Derrick me mira, parpadeando, y su luz se atenúa.

—¡Caramba! Si lo dices así suena bastante deprimente.

—¿Y dónde está el sello? ¿Cómo lo arreglamos?

—No lo sé. Nunca lo he visto. Los pixies no nos metemos en los asuntos de otros sìthichean.

Ahora entiendo por qué a Kiaran no le sorprendieron en absoluto aquellos gorros rojos. ¡Menudo tipo más reservado! ¿Cómo diantre se supone que voy a eliminarlos si no sé dónde están? Si no arreglamos ese sello, Edimburgo caerá. Segurísimo. Se atrapó a las hadas bajo la ciudad por una razón. Si salen, lo destruirán todo a su paso.

Y hay algo más que Kiaran no me ha contado.

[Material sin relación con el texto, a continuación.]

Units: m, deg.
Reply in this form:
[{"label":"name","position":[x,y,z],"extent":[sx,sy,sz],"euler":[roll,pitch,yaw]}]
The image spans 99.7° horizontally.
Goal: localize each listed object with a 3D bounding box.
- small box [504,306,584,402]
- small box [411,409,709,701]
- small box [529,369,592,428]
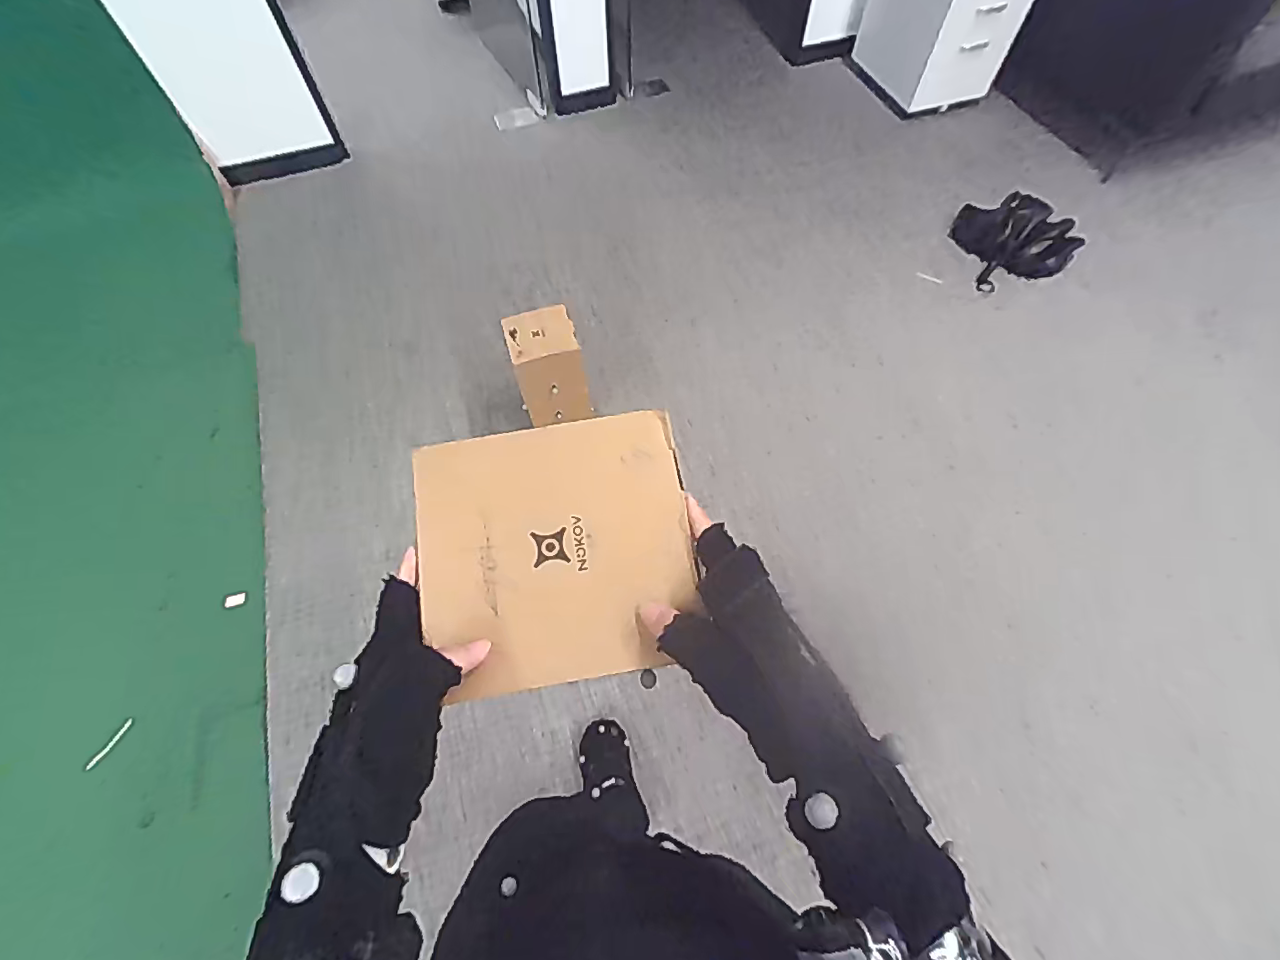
[{"label":"small box","position":[-0.254,-0.338,1.468],"extent":[0.179,0.176,0.168],"euler":[-15,63,-7]},{"label":"small box","position":[-0.056,0.064,0.425],"extent":[0.179,0.176,0.168],"euler":[-11,73,-2]},{"label":"small box","position":[-0.245,-0.257,1.611],"extent":[0.179,0.176,0.168],"euler":[-18,63,-9]}]

—Derrick —digo, y él me mira con cautela—, ¿alguna vez has oído hablar de una halconera?

Si no hubiera estado atenta a su reacción, tal vez no habría advertido que se ha puesto rígido. Así no es como reacciona normalmente un pixie ebrio de miel. Derrick no ha parecido nunca más sobrio.

—¿Dónde has oído esa palabra? —pregunta en voz baja.

Un atisbo de miedo cruza sus minúsculas facciones. Agita lentamente las finas alas y su halo se oscurece.

Frunzo el entrecejo.

—Kiaran la mencionó.

Derrick permanece en silencio aunque ha oído el nombre de Kiaran.

Otro secreto. A pesar de lo mucho que desprecia Derrick a Kiaran, comparten un pasado que me temo que nunca conoceré del todo. Puede que las hadas y las criaturas feéricas sean incapaces de mentir, pero eso solo las ha obligado a desarrollar más formas ingeniosas de sortear la verdad.

Derrick aparta la mirada de mí.

—Es alguien que caza con un halcón entrenado, desde luego. ¿Qué otra cosa iba a significar?

—Claro —digo, con un dejo de sarcasmo. No me dirá la verdad, no esta noche. Tendré que sonsacarle el resto a Kiaran cuando lo vea. Coloco la ropa cerca de la chimenea para secarla—. Estoy segura de que se refería a eso.

Una mentira a cambio de su verdad a medias.